Worst Parade Ever is going to be the next sign I make to cheer on friends running a race. Imagine someone showing up for a parade with floats and marching bands only to see runners trudging by, some smiling, some glaring and some flat out in their own world they don't even notice you.
Back in February many of my friends were running the IMS Arizona Marathon and I headed out with my double sign in tow. Not being very creative outside of creating a sign with "RUN", I went to the web for inspiration. The one thing I knew is my sign wouldn't have "You're Almost There." There really should be a law against that one. The only time that is remotely funny is at mile 1 of a half or full marathon.

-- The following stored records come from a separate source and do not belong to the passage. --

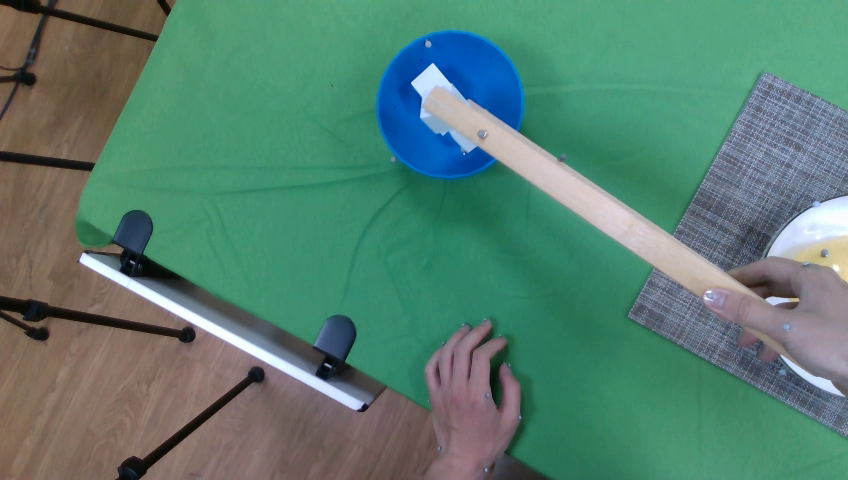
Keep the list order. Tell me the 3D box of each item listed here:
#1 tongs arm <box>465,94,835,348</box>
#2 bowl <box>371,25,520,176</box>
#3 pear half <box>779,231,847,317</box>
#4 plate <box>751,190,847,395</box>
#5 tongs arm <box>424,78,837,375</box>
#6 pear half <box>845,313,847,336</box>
[{"bbox_3d":[0.165,-0.023,0.529,0.382,0.051,0.026,39,105,20],"label":"tongs arm"},{"bbox_3d":[0.025,-0.137,0.644,0.151,0.077,0.151,0,89,5],"label":"bowl"},{"bbox_3d":[0.417,0.023,0.606,0.076,0.056,0.110,39,88,1],"label":"pear half"},{"bbox_3d":[0.437,0.053,0.616,0.207,0.039,0.207,0,88,6],"label":"plate"},{"bbox_3d":[0.147,-0.024,0.493,0.385,0.028,0.028,39,101,19],"label":"tongs arm"},{"bbox_3d":[0.475,0.083,0.607,0.088,0.031,0.070,-29,90,10],"label":"pear half"}]
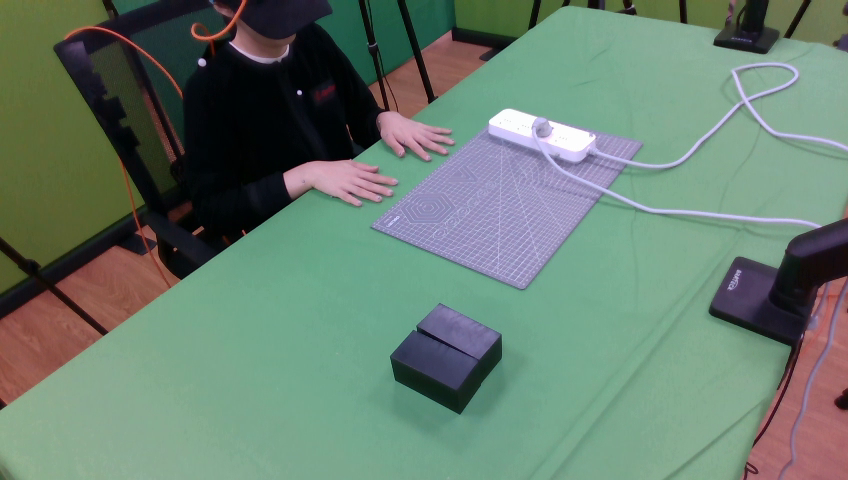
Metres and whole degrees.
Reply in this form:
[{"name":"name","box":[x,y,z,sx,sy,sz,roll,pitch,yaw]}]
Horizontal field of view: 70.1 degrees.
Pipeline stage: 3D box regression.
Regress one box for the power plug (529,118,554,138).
[{"name":"power plug","box":[0.212,-0.200,1.131,0.073,0.053,0.035,-30,45,-25]}]

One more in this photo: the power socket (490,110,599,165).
[{"name":"power socket","box":[0.226,-0.201,1.167,0.225,0.033,0.072,27,53,33]}]

Some funny signs I found are:
- "In our minds, you're all Kenyans."
- "Your feet hurt because you are kicking so much butt!"
- "Your legs will forgive you...eventually."
- "Don't stop -- people are watching."
- "Chafe now...brag forever."
- "That's not sweat, it's your fat cells crying."
- "You've got stamina! Call me!"
- "If it was easy, I would do it."
- "Toenails are for sissies." or "Don't worry, toenails are overrated."
- "You're not slow. You're just enjoying the course."
- "Stop reading this and keep running!"
- "Beat Oprah!"
- "Puke and rally!"
- "Run like someone's chasing you."
- "Run faster...I just farted."
- "It'll feel better when it stops hurting."
- "You trained longer than Kim Kardashian's marriage!"
- "Mortuary ahead....look alive!"
Rule 2.20 in The Runner's Rule Book by Mark Remy says" Truth, fiction, or neutral, the key is to say something. Even a zombie appreciates a note of encouragement."